In autumn, we launched a joint project with VTB24. They introduced a new card product that included a concierge service. This project was very important for us, and the point is not only that we received a fairly large profit. It is much more important that we have a partner of this magnitude, the trust in our company has grown significantly.

This week, together with Promsvyazbank, we launched the delivery of their gift cards. Among our clients are QIWI Bank, RAEC, online stores that use YouDo for express delivery of goods to their customers.

Clients

Our clients are typical residents of a metropolis where there is a social gap between people, constant time pressure, stress, lack of time. In Penza or Kirov, our project could not work: people have a different standard of living and a different psychology. There are no kilometer traffic jams, eternal rush, more developed personal connections: people communicate with neighbors and ask them for help.

Our clients are people for whom an hour of communication with a child, friends is worth more than the money that will have to be paid for completing the task. Their hour is more expensive, it is more profitable for them to delegate some urgent or routine tasks to YouDo.

Competitors

The market for providing temporary staff via the Internet in Russia has not been formed. Therefore, we are developing much faster than Western companies: there is very strong competition in every segment. In Europe, there is a small agency on every block where you can hire a person who will wash your windows in an hour and dig a hole the next day. In Russia, there are only concierge agencies for home staff, they work very poorly here. There is a courier market, but it is expensive, and it takes a long time to wait for delivery - at best, a day. On YouDo, everything is much faster and cheaper, and the services are personalized: you can send a person to IKEA on Friday evening so that he can buy a table with his own money and deliver it on the same day.

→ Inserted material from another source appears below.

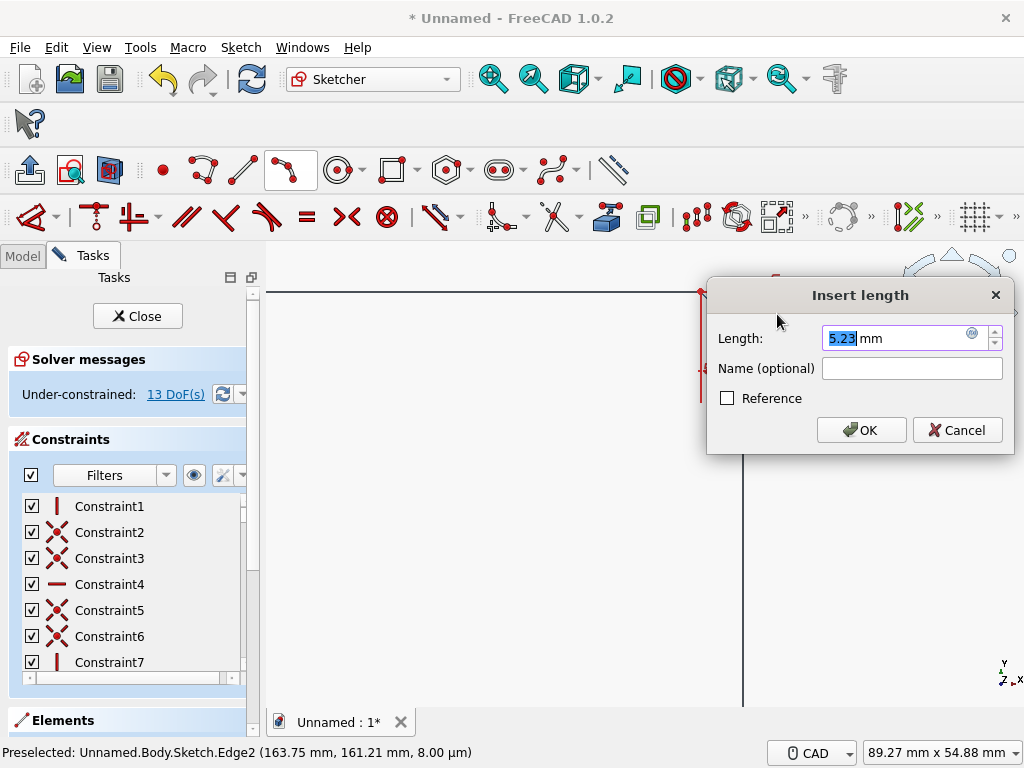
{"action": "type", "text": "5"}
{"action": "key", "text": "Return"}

I follow foreign counterparts. There is a company in the USA TaskRabbit, which provides similar services in 11 cities. She's already raised $40 million., but we will catch up with them in six months in terms of the number of customers / performers, even without external investments. This, again, is due to very high competition in the West, where there are cleaning companies in almost every entrance. Each segment has its own players: companies that only provide dog walking services, so it is very difficult to break through there.

Plans

In 2012, we set ourselves the task of testing as many work models as possible: interaction with other companies, providing our services as social packages, and so on.

We do not yet have a goal to reach payback, the money is spent on scaling. The expansion is proceeding in several directions at once: we are introducing new categories, looking at new cities (YouDo office in St. Petersburg will open in February 2013), and looking for new options for interaction with other companies. The market has not yet formed, so we are constantly looking for new opportunities.

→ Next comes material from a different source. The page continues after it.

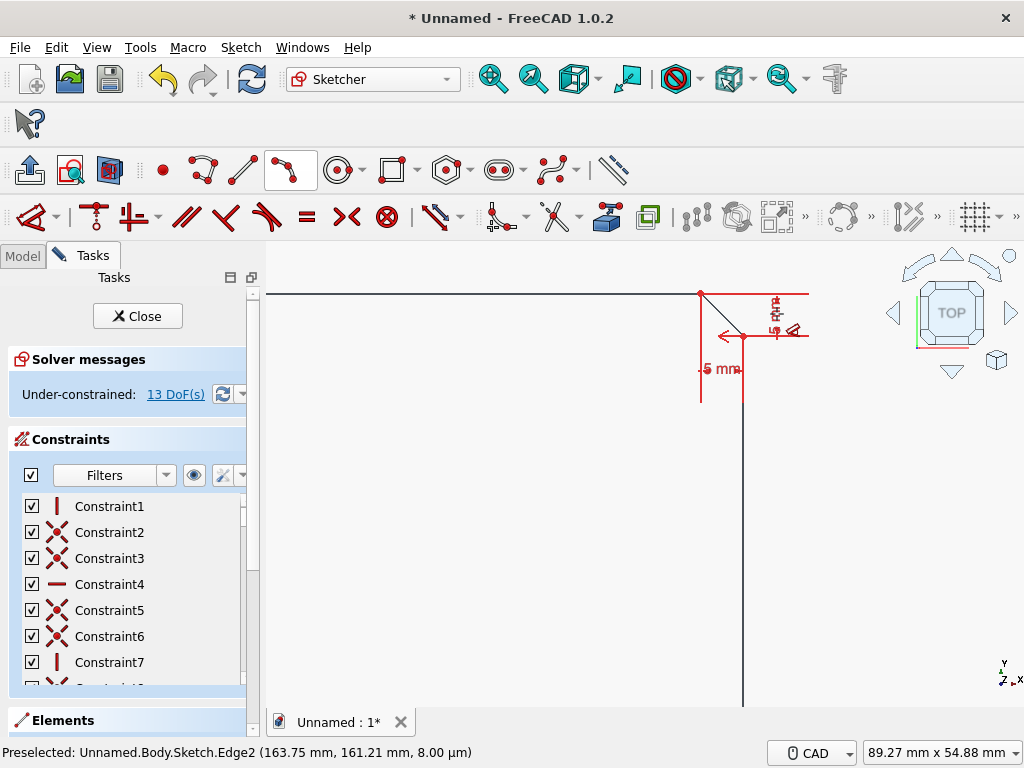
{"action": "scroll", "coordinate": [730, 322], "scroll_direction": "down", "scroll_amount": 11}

Create loyal customers. The first orders were placed by friends and acquaintances. We encouraged those who had already placed an order to return to the site: we gave bonuses that partially covered the next task. So people developed a habit: when any problem arose, they began to think that it could be solved through YouDo.

Be heard. New customers appear due to activity in in social networks, thanks to the fact that they write about us in the media. Participation in various competitions helped a lot: we won the Runet award, got into the top ten startups of the year according to Forbes, won the Golden Site Award and so on.

Look to the West, but don't be fooled. It is not enough just to take and copy the model, you need to work a lot on internal processes. The experience of working on the first version helped us a lot. YouDo, where we communicated with millions of users.